Negotiating as a Learning Experience
Think about typical activities you engage in: asking for more budget, talking with a customer about an escalation, turning down a vacation request, getting a bug addressed, engaging with a prospect who wants special treatment. All of them involve negotiating, sometimes with an external party (a customer, a partner), sometimes within your team (a direct report, a peer, a manager), and sometimes with another internal teams (Engineering, Sales). And sometimes you are the requestor (you want budget, resources, a change in process) while other times you are the one receiving the request.
Negotiating can be very difficult and many of us just don’t like it. And, not surprisingly, there’s a small industry of helpers who promote strategies heavy with numbers and acronyms such as the 5 Cs, another 5Cs, the 7 elements of negotiation, and the venerable BATNA. (As an aside, the very existence of many strategies suggests that none of them are infallible.)
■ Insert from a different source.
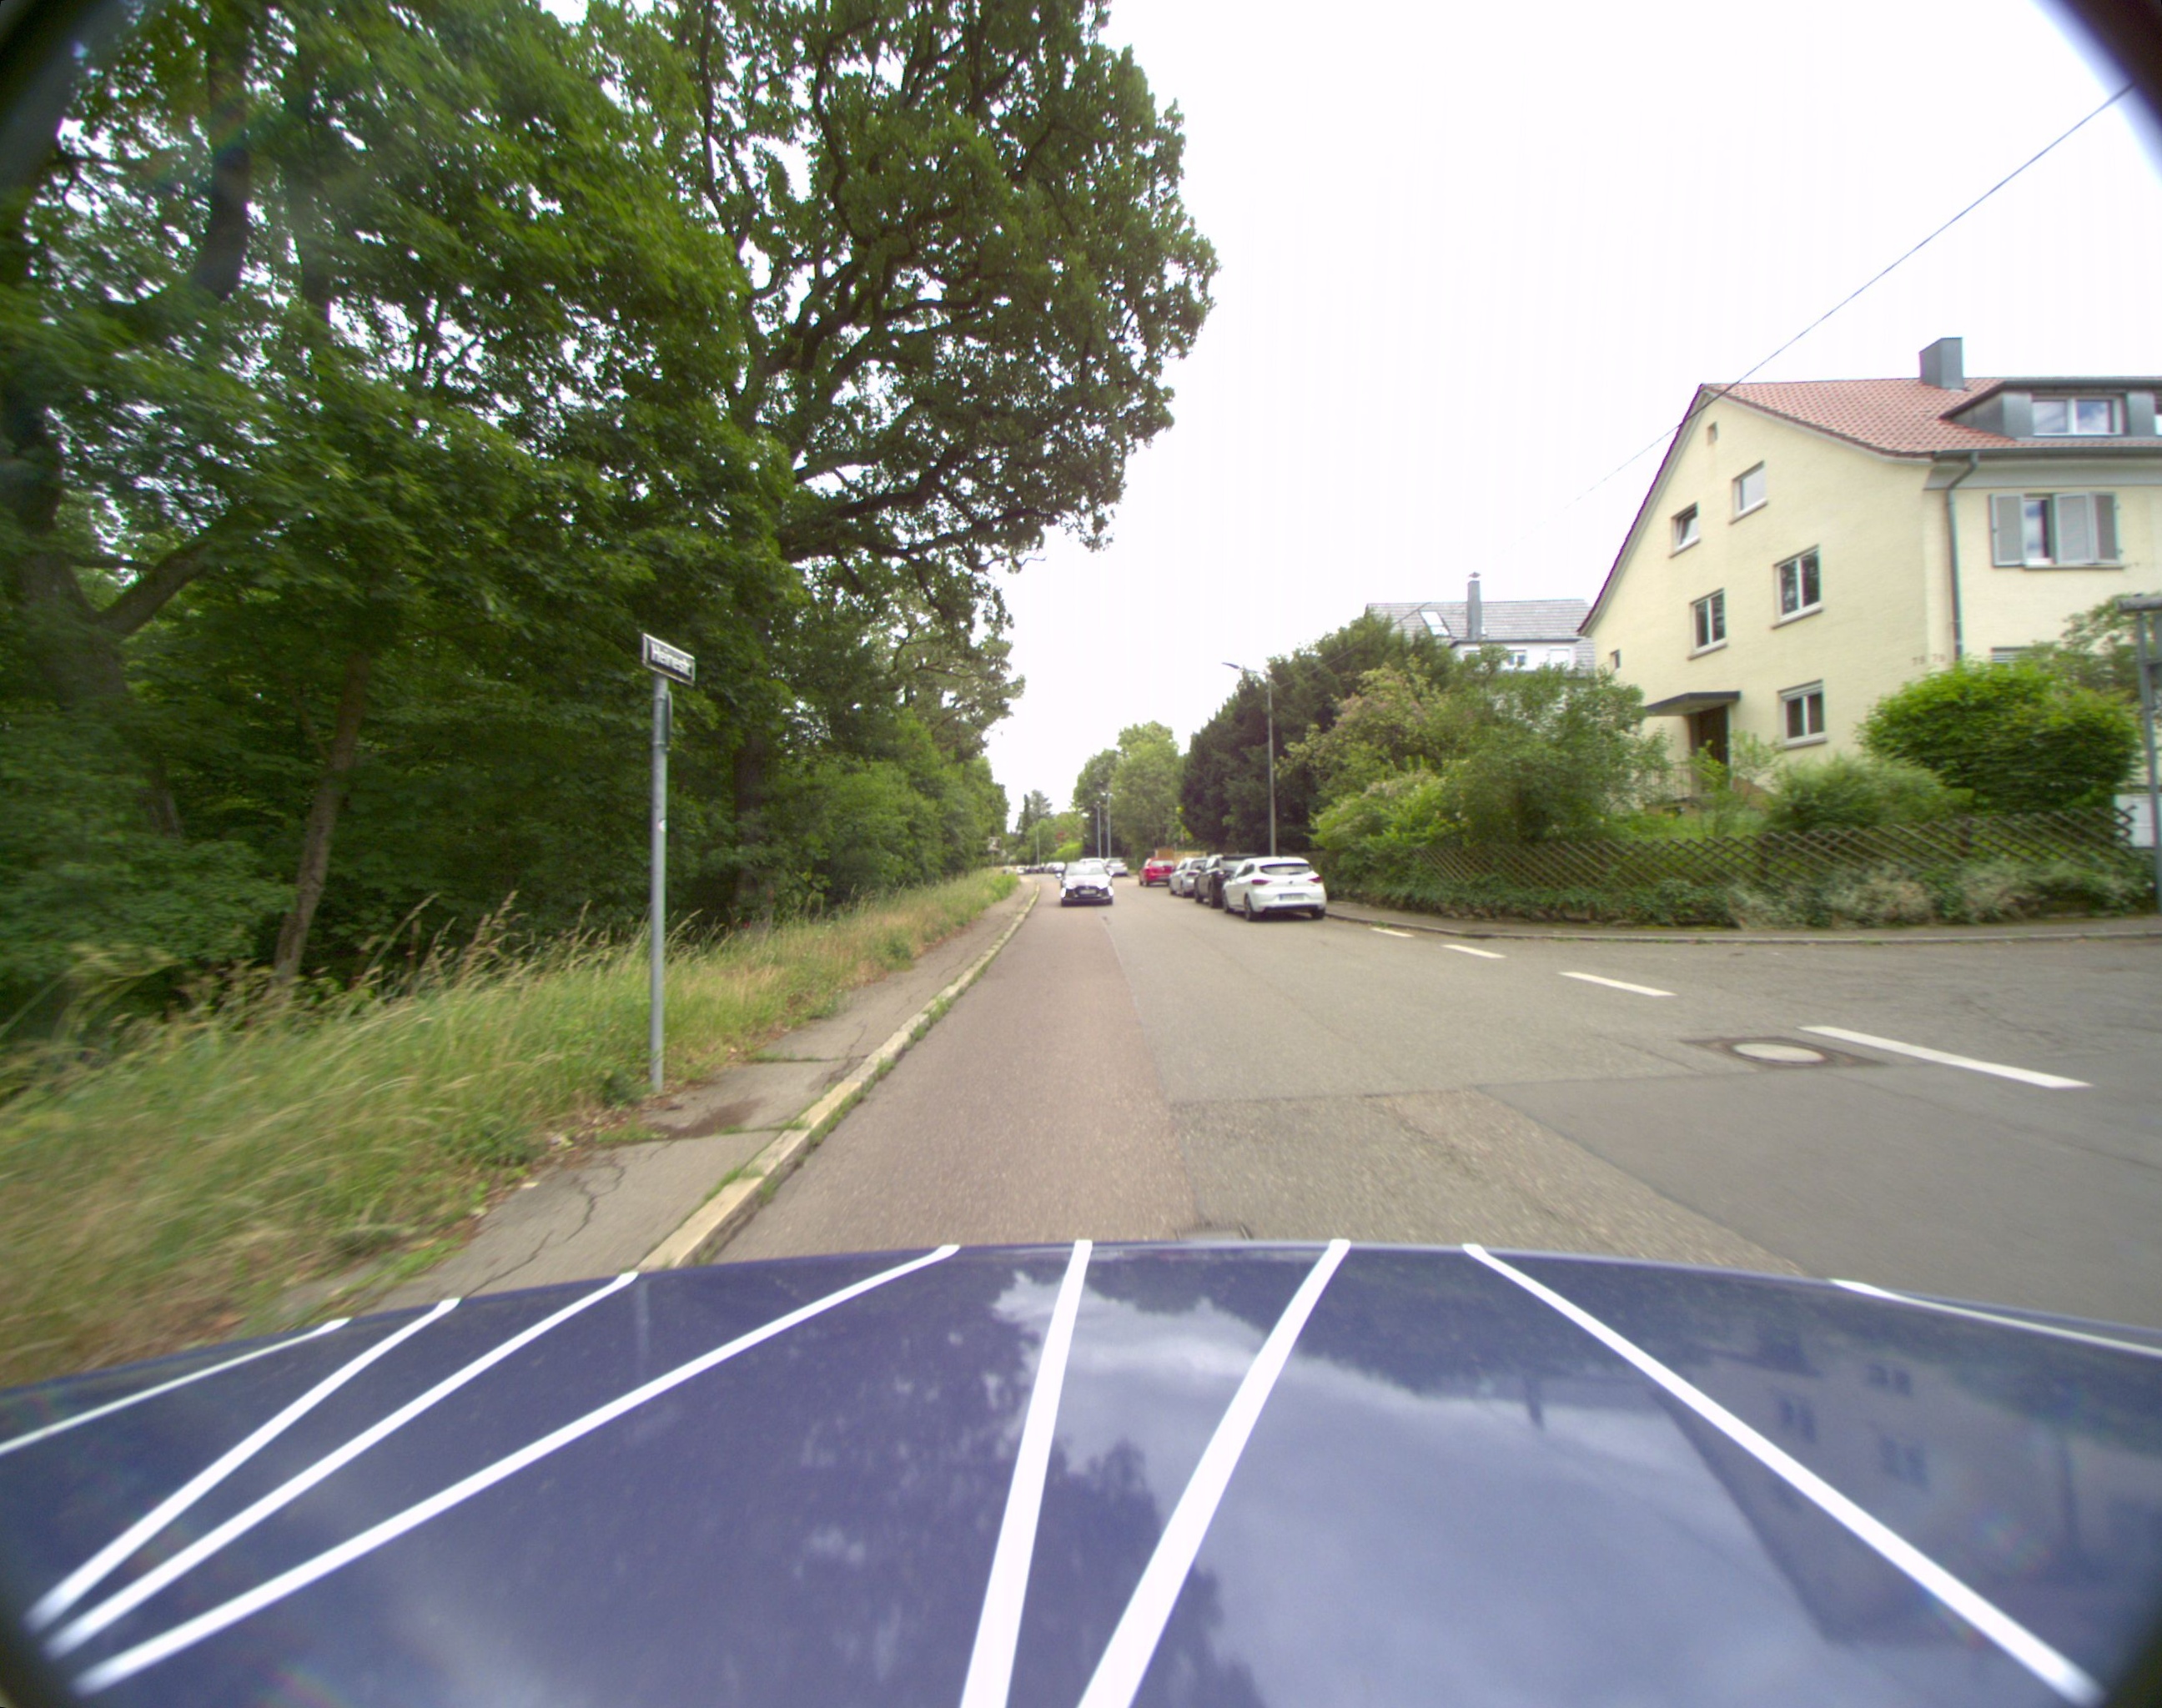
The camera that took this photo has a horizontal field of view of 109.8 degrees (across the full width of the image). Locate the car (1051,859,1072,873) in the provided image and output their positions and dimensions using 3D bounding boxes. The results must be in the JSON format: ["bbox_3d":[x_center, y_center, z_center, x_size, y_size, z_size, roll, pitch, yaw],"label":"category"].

I won’t add more mnemonics to the list, just a few suggestions to spark a new mindset when you encounter a negotiation.
Negotiations start with the start of the relationship
You may think that a negotiation starts with a request. Wrong! The negotiation actually started way back, at the start the relationship, and sometimes before you came on the scene. For instance, in the examples above:
- The relationship with the customer started when the customer engaged with your organization, which may have happened long before you, yourself, started working there.
- The relationship with your direct report started when they were hired by their organization, again possibly much before you became their manager. Even if you hired them, you may have worked with them before, in which case the relationship would also be much older.
- The relationship with the Engineering team started when the Support or Customer Success teams were created, back in the day.
- The relationship with your manager started when they first became aware of you, maybe during the interview process but potentially way before then.
Think back to the beginning of the relationship with the person or organization you are negotiating with. What events and experiences can influence the negotiation? We’ve all worked with smallish, but long-term customers who are tightly connected with the founder and expect special treatment, for instance. Be aware of connections and past history.
Be curious
Why does your direct report want that particular week off? What else can you do for your customer besides fixing the technical issue? How are off-cycle budget requests handled? What is consuming the Engineering team’s time? Who is the decision maker for the prospect?
Find out what’s motivating the request and the requestor, and don’t assume you already know. The better informed you are, the better suggestions and counter-proposals you can make.
Don’t fixate on winning
This may be counterintuitive but the worst thing we can do in a negotiation is focusing too hard for our goal. Engaging with a “must win” mentality makes us come across as harsh, unlikable, and inflexible–and encourages the other party to reciprocate in kind.
Instead, embrace the possibility of “losing” calmly and serenely. Calm and serenity helps you create better arguments. It also projects a vibe of rational detachment that shows the other party that you are serious about finding a solution that works for them. For instance, if an escalated customer is throwing their weight around and claiming they can get you fired, don’t fight back! Simply state what you can do to help them. If the Engineering team won’t give you the time of day about a bug fix, ask what it would take to change their decision. Calm reads as strength.
Reputation matters
Negotiations rarely occur as one-offs; establishing a reputation of fairness, flexibility, and strong ethics will ease future negotiations. (Conversely, if you immediately concede to your negotiation partners, they will learn to take advantage of you, and if you embarrass, humiliate, or harass them, they will seek revenge.)
The mood of a negotiation may start at the beginning of a relationship, which could predate your participation, as noted above, but you can always reset the tone for the future through your actions.